Для этого актриса, адресат речи продюсера, вполне себе существующая в тексте Равенхилла, в спектакле “Практики” выведена Вартановым за рамки действия. Ее нет.
Продюсер обращается напрямую к зрителям без каких бы то ни было посредников, что усиливает влияние насылаемого на нас бреда. Филиппенко, матерый человечище, человек-оркестр, актер актерыч, постоянно цепляет тебя глазами — словно бы нарушая все табу с твоим установившимся интимным пространством, прокалывая его стремительным взглядом и точной репликой.
Филиппенко обращается непосредственно к тебе, оказавшемуся на месте актрисы, к твоим собственным страхам и фобиям. Создавая иллюзию едва ли не приватности вашего диалога и — мгновенно — разрушая эту интимность увертками да ужимками.
Филиппенко — мастер самоигральный, и понятно его приглашение на этот бесконечный, путаный монолог: кто, как не он, может сыграть и обжить громаду ничем не сдерживаемого массива слов?! Однако существует еще один сценический аспект, делающий появление Филиппенко точным и незаменимым.
Актер старой школы, подробный и въедливый, фонтанирующий и избыточный, Филиппенко оказывается прямо противоположен сдержанной и минималистской эстетике театра “Практика”, его формату актерской игры. Эта разность подходов все время фонит, бросается в глаза, тревожит, вскрывая таким образом прием и актуализируя высказывание.
Персонаж Филиппенко не зря получает отлуп от незримой голливудской дивы, ее совершенно не убеждают все его местечковые метания и коммивояжерские приемы — она скорее всего продукт генной инженерии, модифицированный продукт, зависающий в виртуальном, умозрительном пространстве недалекого будущего.
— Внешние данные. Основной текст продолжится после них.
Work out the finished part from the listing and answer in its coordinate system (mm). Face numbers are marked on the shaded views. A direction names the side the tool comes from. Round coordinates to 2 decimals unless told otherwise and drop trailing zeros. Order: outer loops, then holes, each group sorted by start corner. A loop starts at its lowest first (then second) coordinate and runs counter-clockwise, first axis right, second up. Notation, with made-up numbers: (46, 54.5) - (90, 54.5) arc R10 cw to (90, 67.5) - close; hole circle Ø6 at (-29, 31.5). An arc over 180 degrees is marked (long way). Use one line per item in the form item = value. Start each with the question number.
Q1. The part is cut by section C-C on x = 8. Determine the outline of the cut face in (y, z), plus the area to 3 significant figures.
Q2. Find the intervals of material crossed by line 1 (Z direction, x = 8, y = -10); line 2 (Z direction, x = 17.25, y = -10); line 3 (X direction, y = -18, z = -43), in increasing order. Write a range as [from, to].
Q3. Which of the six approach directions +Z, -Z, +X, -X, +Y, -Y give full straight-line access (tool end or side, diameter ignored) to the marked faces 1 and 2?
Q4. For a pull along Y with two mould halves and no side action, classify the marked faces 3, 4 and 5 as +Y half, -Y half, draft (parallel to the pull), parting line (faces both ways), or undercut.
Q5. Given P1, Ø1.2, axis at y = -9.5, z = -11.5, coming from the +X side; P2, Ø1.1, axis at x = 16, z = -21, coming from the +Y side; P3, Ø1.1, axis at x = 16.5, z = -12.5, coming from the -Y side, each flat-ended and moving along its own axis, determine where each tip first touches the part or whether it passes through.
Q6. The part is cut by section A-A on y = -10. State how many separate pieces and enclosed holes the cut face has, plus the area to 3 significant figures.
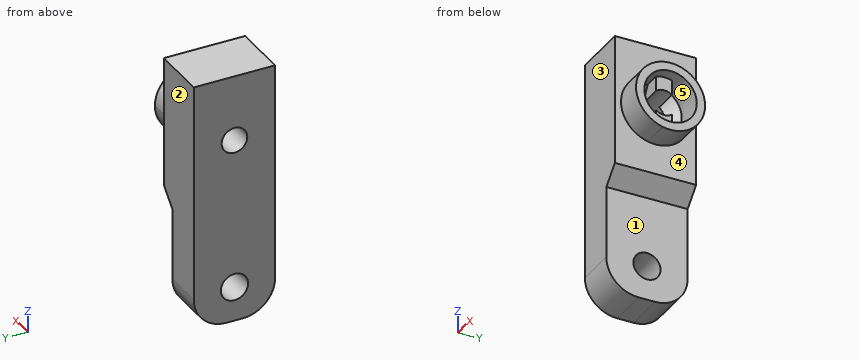
from build123d import *

# Parameters (mm, degrees)
F0_W      = 20
F0_H      = 62
F1_DEPTH  = 14
F2_R      = 8.5
F3_DEPTH  = 7
F5_D      = 12.9
F5_DEPTH  = 7
F5_TIP    = 3.8755509927
F6_W      = 3.8587664786
F6_H      = 16.5562349188
F7_DEPTH  = 11.59683
F9_D      = 6.3
F10_R     = 6.45
F11_DEPTH = 3
F12_R     = 8
F13_R     = 8
F14_W     = 4
F14_H     = 37.0940975845
F15_DEPTH = 25
F17_D     = 6.7
F18_SIZE  = 3.99999


# Not quite as in the source:
# - a fillet or chamfer is up to 0.001 mm smaller than in the source, because OpenCascade refuses the exact size


with BuildPart() as f1:
    # F0 (on Right) → F1 (new body)
    with BuildSketch(Plane.YZ):
        with Locations((-10, -31)):
            Rectangle(F0_W, F0_H)
    extrude(amount=F1_DEPTH)

    # F2 (on face) → F3 (join)
    with BuildSketch(Plane.YZ.offset(14)):
        with Locations((-10, -16.2361655384)):
            Circle(F2_R)
    extrude(amount=F3_DEPTH)

    # F5
    with Locations(Plane.YZ.offset(21)):
        with Locations((-10, -16.2361655384)):
            Hole(F5_D / 2, depth=F5_DEPTH)
            with Locations((0, 0, -(F5_DEPTH + F5_TIP / 2))):  # 118° drill point
                Cone(0, F5_D / 2, F5_TIP, mode=Mode.SUBTRACT)

    # F6 (on face) → F7 (join)
    with BuildSketch(Plane.YZ.offset(21)):
        with Locations((-10.015449224, -16.2397662935)):
            Rectangle(F6_W, F6_H)
    extrude(amount=-F7_DEPTH)

    # F9 (through all)
    with Locations(Plane.YZ.offset(21)):
        with Locations((-10, -16.2361655384)):
            Hole(F9_D / 2)

    # F10 (on face) → F11 (cut)
    with BuildSketch(Plane.YZ.offset(21)):
        with Locations((-10, -16.2361655384)):
            Circle(F10_R)
    extrude(amount=-F11_DEPTH, mode=Mode.SUBTRACT)

    # F12
    f12_edges = [f1.edges().sort_by_distance(p)[0] for p in [
        (7, 0, -62),
    ]]
    fillet(f12_edges, radius=F12_R)

    # F13
    f13_edges = [f1.edges().sort_by_distance(p)[0] for p in [
        (7, -20, -62),
    ]]
    fillet(f13_edges, radius=F13_R)

    # F14 (on face) → F15 (cut)
    with BuildSketch(Plane.XZ.offset(20)):
        with Locations((12, -50.7526341826)):
            Rectangle(F14_W, F14_H)
    extrude(amount=-F15_DEPTH, mode=Mode.SUBTRACT)

    # F17 (through all)
    with Locations(Plane(origin=(0, 0, 0), x_dir=(0, -1, 0), z_dir=(-1, 0, 0))):
        with Locations((10, -53.5)):
            Hole(F17_D / 2)

    # F18 (size 4 in the source; OpenCascade refuses exactly that, so slightly less here)
    f18_edges = [f1.edges().sort_by_distance(p)[0] for p in [
        (10, -10, -32.205585),
    ]]
    chamfer(f18_edges, length=F18_SIZE)


solid = f1.part
Found:
q1.outline = (-20, -54) arc R8 ccw to (-12, -62) - (-8, -62) arc R8 ccw to (0, -54) - (0, 0) - (-20, 0) - close; hole circle Ø6.7 at (-10, -53.5); hole circle Ø6.3 at (-10, -16.24)
q1.area = 1,150 mm²
q2.line_1 = [-62, -56.85], [-50.15, -19.39], [-13.09, 0]
q2.line_2 = [-24.74, -19.39], [-13.09, -7.74]
q2.line_3 = [0, 10]
q3.face_1 = -Z, +X, +Y, -Y
q3.face_2 = +Z, -Z, +X, -X, +Y
q4.face_3 = -Y half
q4.face_4 = draft
q4.face_5 = undercut
q5.P1 = 18
q5.P2 = -2.62
q5.P3 = -17.88
q6.separate_pieces = 3
q6.enclosed_holes = 0
q6.area = 657 mm²

Поэтому обилие крови и спермы в пересказе продюсера (тоже ведь весьма символичных и постмодернистски отстраненных) оставляет ее равнодушной.
Стараниями Вартанова и Филиппенко в “Продукте” встречаются представители даже уже не двух поколений, но двух совершенно противоположных антропологических агрегатных состояний.
Если “Капитал” и “Пьеса про деньги” складываются в диптих, исполненный социальной критики, то “Продукт” и последовавший за ним “Июль” выводят разговор об изменениях человеческих формаций на уровень интимного монолога. Филиппенко здесь представительствует от лица мужского народонаселения, а Полина Агуреева, даром что играет старика-убийцу, исследует тендерные изменения, происходящие с женским полом. Квартет спектаклей-симптомов оказывается базисом, на который достраиваются все прочие репертуарные разнообразия “Практики”.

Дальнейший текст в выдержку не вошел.